Did she? She would have been saved from a great deal of heartache—and from a great deal of vividly happy living.

“No,” she said.

“Why not?” He bent his head a little closer.

“You once told me,” she said, “that in your childhood you were surrounded by women. It is what has happened to me since I was twelve. I have had almost no social contact with men. I have been shy with men, unsure how to talk or behave with them. I was terrified when I first met you because you were handsome and self-assured and titled. And then I learned that you were amiable and kind and really rather easy to talk with. And then I came to genuinely like you and look forward to seeing you each day and spending a short while in conversation with you. Knowing you brightened my life for a time and provided me with memories that will give me pleasure in future years—riding in a curricle with you, racing a boat against you, climbing to the waterfall with you, waltzing with you.”

Kissing you.

Making love with you.

“I am not sorry you stayed,” she said.

“Are we friends again, then?” he asked her.

She smiled back at him and then laughed softly.

“Oh, yes, I suppose so,” she said, “for what remains of this afternoon, anyway.”

Though it struck her that the celebration would probably not go on much longer and that then she would go back to school and he would go away somewhere with the Ravensbergs and that that would be the end of it—the real end this time.

And there would be pain all over again.

But pain was something that life inevitably brought with it.
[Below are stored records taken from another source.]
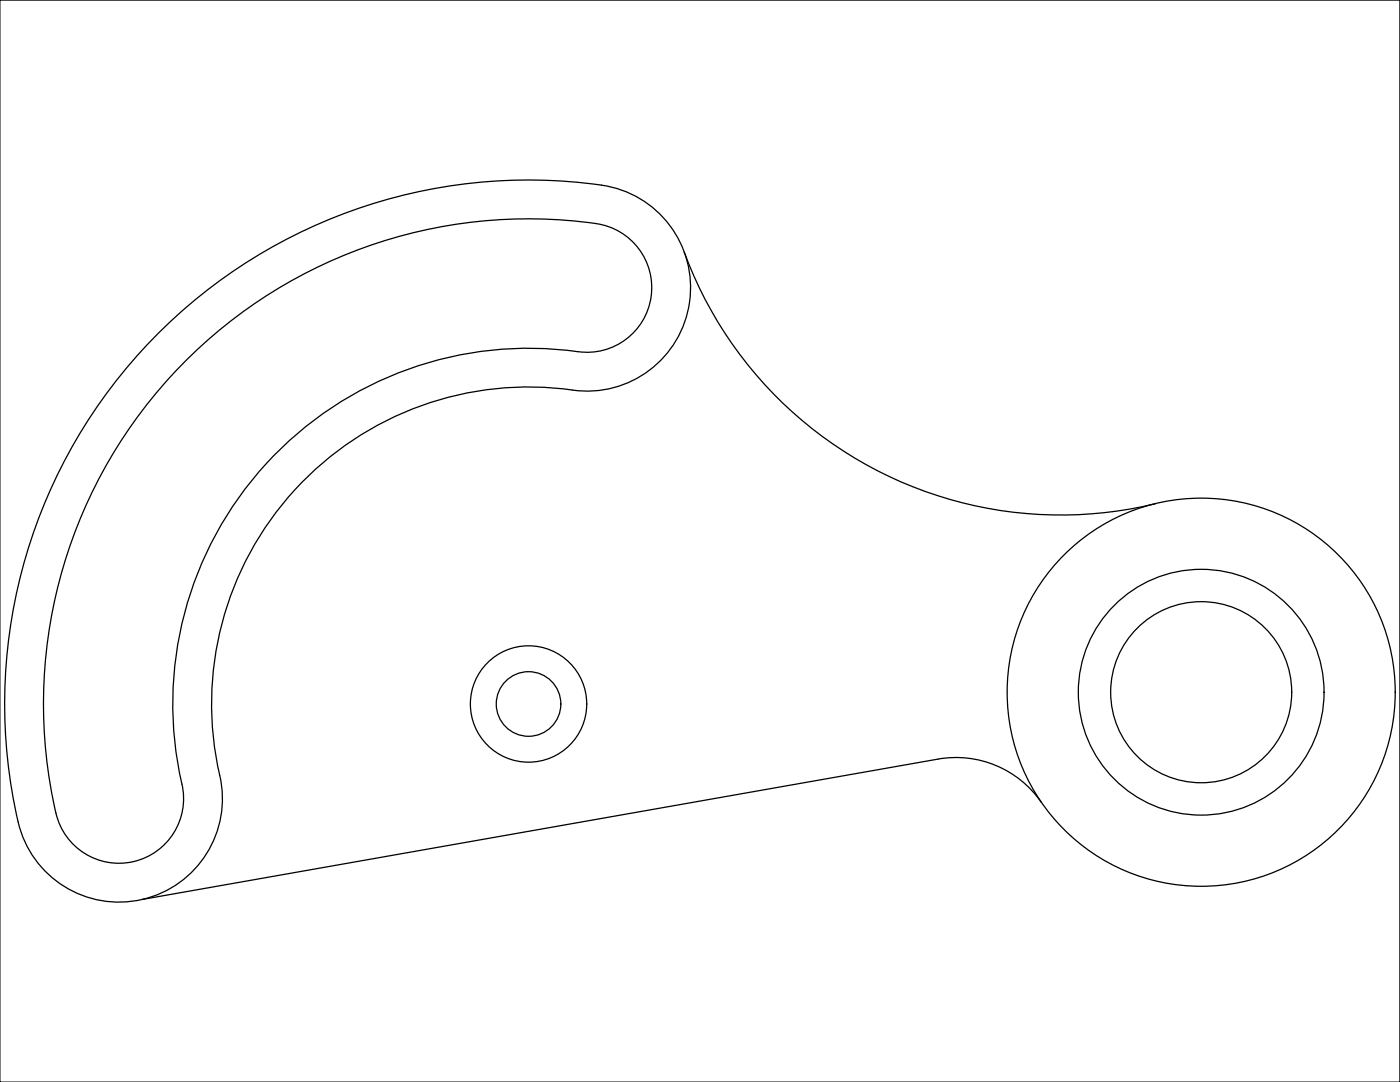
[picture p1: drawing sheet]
<svg xmlns="http://www.w3.org/2000/svg" width="279mm" height="216mm" viewBox="0 0 279 216" stroke-linecap="round" stroke-linejoin="round" font-family="sans-serif">
<!-- layer: 0 -->
<g fill="none" stroke="#000" stroke-width=".25">
<path d="M120 36.9a104.6 104.6 0 0 0-116.4 127.1M120 36.9a20.6 20.6 0 0 1 17.6 23.4 20.6 20.6 0 0 1-23.3 17.5 63.2 63.2 0 0 0-70.5 76.9 20.6 20.6 0 0 1-15.4 24.8 20.6 20.6 0 0 1-24.8-15.5M136.5 50.3a80.1 80.1 0 0 0 94.1 50.2M115.4 70.2a12.9 12.9 0 0 0 14.5-11 12.9 12.9 0 0 0-10.9-14.6 96.7 96.7 0 0 0-107.4 119 12.9 12.9 0 0 0 15.7 8.1 12.9 12.9 0 0 0 9-15.2 71 71 0 0 1 79.1-86.3M207.8 160.1a20.6 20.6 0 0 0-20.6-8.6l-158.8 28"/>
<circle cx="239.7" cy="138.1" r="38.7"/>
<circle cx="239.7" cy="138.1" r="24.5"/>
<circle cx="239.7" cy="138.1" r="18.1"/>
<circle cx="105.5" cy="140.5" r="11.6"/>
<circle cx="105.5" cy="140.5" r="6.4"/>
</g>
<path d="M0 0h279.4v215.9h-279.4z" fill="none" stroke="#000" stroke-width=".2"/>
</svg>

If there was no pain, there was no real living and therefore no possibility of happiness. She had been happy—truly, exhilaratingly happy—on a few occasions in her life, almost all of them with Viscount Whitleaf. She must remember that. She
must
. There were two particularly perfect incidents that had drawn her so completely into happiness that no
un
happiness had been able to intrude. One had occurred at the assembly rooms when she had waltzed with him. The other had occurred on the hill above the river and the little bridge when they had made love.

It was so easy to remember that lovemaking as the worst thing that had ever happened to her—because it had brought her a far deeper unhappiness than she would have felt otherwise in saying good-bye to him. But actually it was the most wonderful thing that had ever happened too.

It was. That had been easily the happiest half hour or so of her life.

Now she was waltzing again—with the man who had waltzed with her then, and with the man who had been her lover on that hill. And if she was not perfectly happy now, the reason was that she was allowing past pain and future unhappiness to encroach upon the magic of the moment.